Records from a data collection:
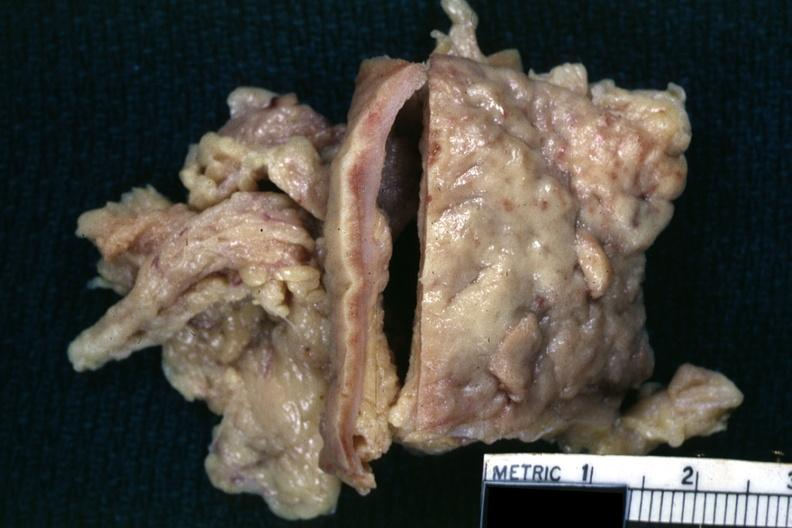what is present?
Answer the question using a single word or phrase. Abdomen 
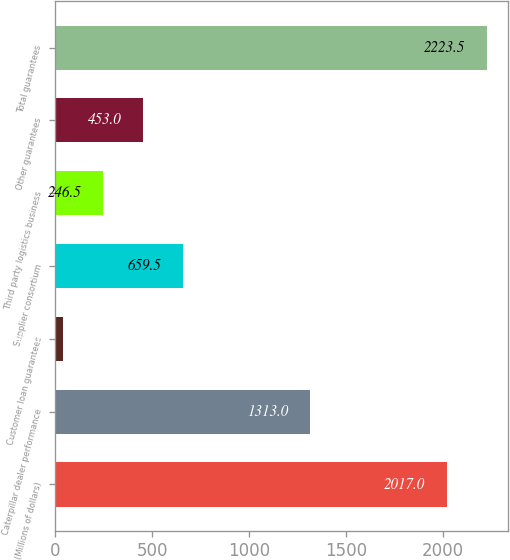<chart> <loc_0><loc_0><loc_500><loc_500><bar_chart><fcel>(Millions of dollars)<fcel>Caterpillar dealer performance<fcel>Customer loan guarantees<fcel>Supplier consortium<fcel>Third party logistics business<fcel>Other guarantees<fcel>Total guarantees<nl><fcel>2017<fcel>1313<fcel>40<fcel>659.5<fcel>246.5<fcel>453<fcel>2223.5<nl></chart> 
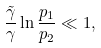<formula> <loc_0><loc_0><loc_500><loc_500>\frac { \tilde { \gamma } } \gamma \ln \frac { p _ { 1 } } { p _ { 2 } } \ll 1 ,</formula> 
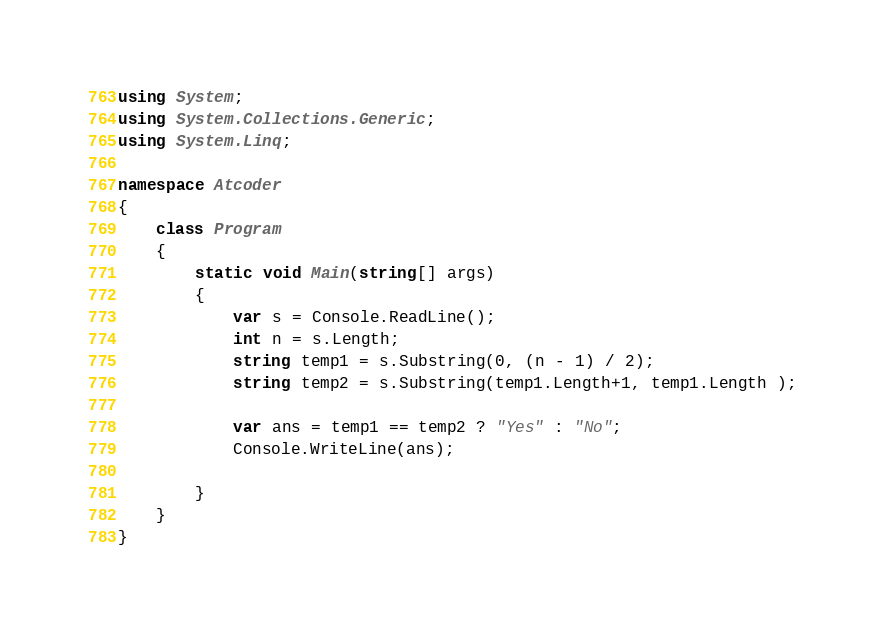Convert code to text. <code><loc_0><loc_0><loc_500><loc_500><_C#_>using System;
using System.Collections.Generic;
using System.Linq;

namespace Atcoder
{
    class Program
    {
        static void Main(string[] args)
        {
            var s = Console.ReadLine();
            int n = s.Length;
            string temp1 = s.Substring(0, (n - 1) / 2);
            string temp2 = s.Substring(temp1.Length+1, temp1.Length );

            var ans = temp1 == temp2 ? "Yes" : "No";
            Console.WriteLine(ans);

        }
    }
}
</code> 
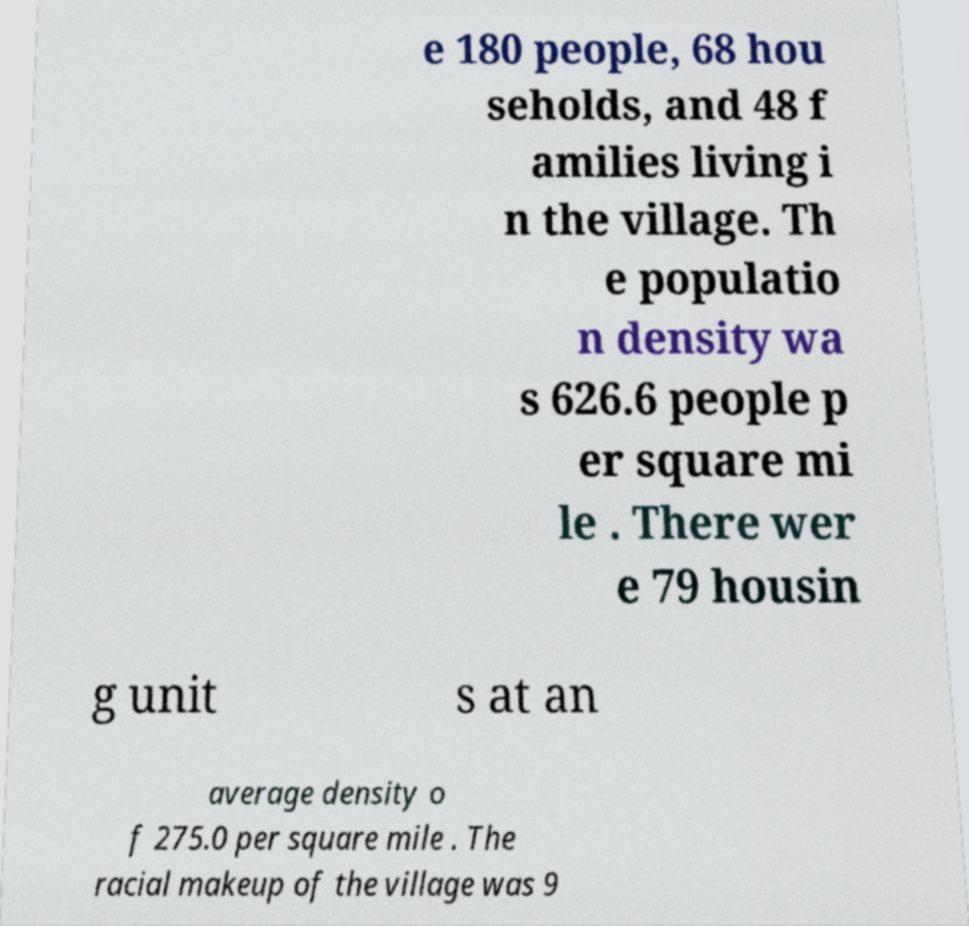Please read and relay the text visible in this image. What does it say? e 180 people, 68 hou seholds, and 48 f amilies living i n the village. Th e populatio n density wa s 626.6 people p er square mi le . There wer e 79 housin g unit s at an average density o f 275.0 per square mile . The racial makeup of the village was 9 
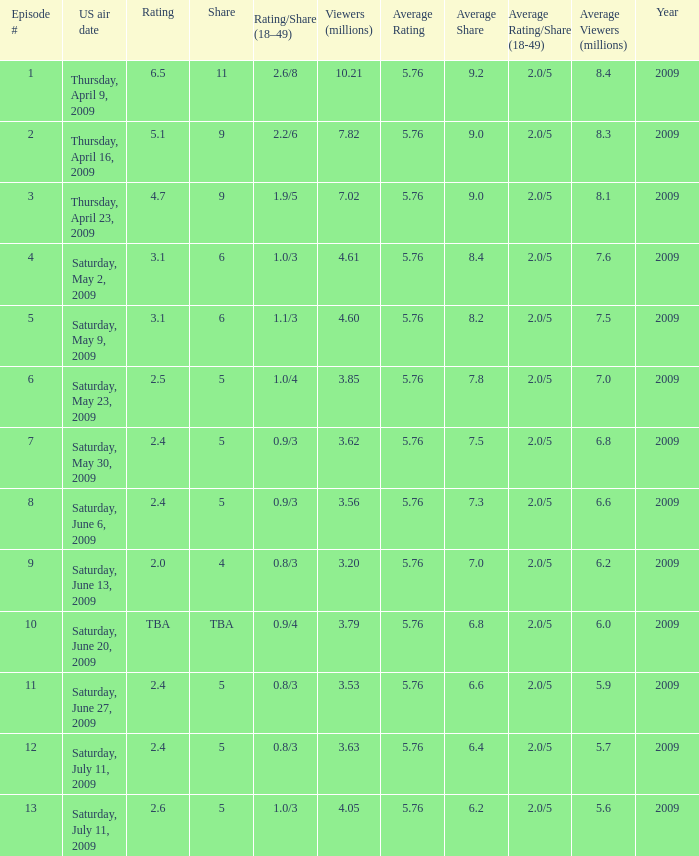What is the lowest numbered episode that had a rating/share of 0.9/4 and more than 3.79 million viewers? None.

Task directions ▸
Your task is to return the entries above exactly, with no pictures.

Result of this task ▸
what is present?
Answer the question using a single word or phrase. Abdomen 
<chart> <loc_0><loc_0><loc_500><loc_500><bar_chart><fcel>(Millions of dollars)<fcel>Caterpillar dealer performance<fcel>Customer loan guarantees<fcel>Supplier consortium<fcel>Third party logistics business<fcel>Other guarantees<fcel>Total guarantees<nl><fcel>2017<fcel>1313<fcel>40<fcel>659.5<fcel>246.5<fcel>453<fcel>2223.5<nl></chart> 
<formula> <loc_0><loc_0><loc_500><loc_500>\frac { \tilde { \gamma } } \gamma \ln \frac { p _ { 1 } } { p _ { 2 } } \ll 1 ,</formula> 
Convert code to text. <code><loc_0><loc_0><loc_500><loc_500><_C#_>using System;
using System.Collections.Generic;
using System.Linq;

namespace Atcoder
{
    class Program
    {
        static void Main(string[] args)
        {
            var s = Console.ReadLine();
            int n = s.Length;
            string temp1 = s.Substring(0, (n - 1) / 2);
            string temp2 = s.Substring(temp1.Length+1, temp1.Length );

            var ans = temp1 == temp2 ? "Yes" : "No";
            Console.WriteLine(ans);

        }
    }
}
</code> 
Please read and relay the text visible in this image. What does it say? e 180 people, 68 hou seholds, and 48 f amilies living i n the village. Th e populatio n density wa s 626.6 people p er square mi le . There wer e 79 housin g unit s at an average density o f 275.0 per square mile . The racial makeup of the village was 9 
What is the lowest numbered episode that had a rating/share of 0.9/4 and more than 3.79 million viewers? None.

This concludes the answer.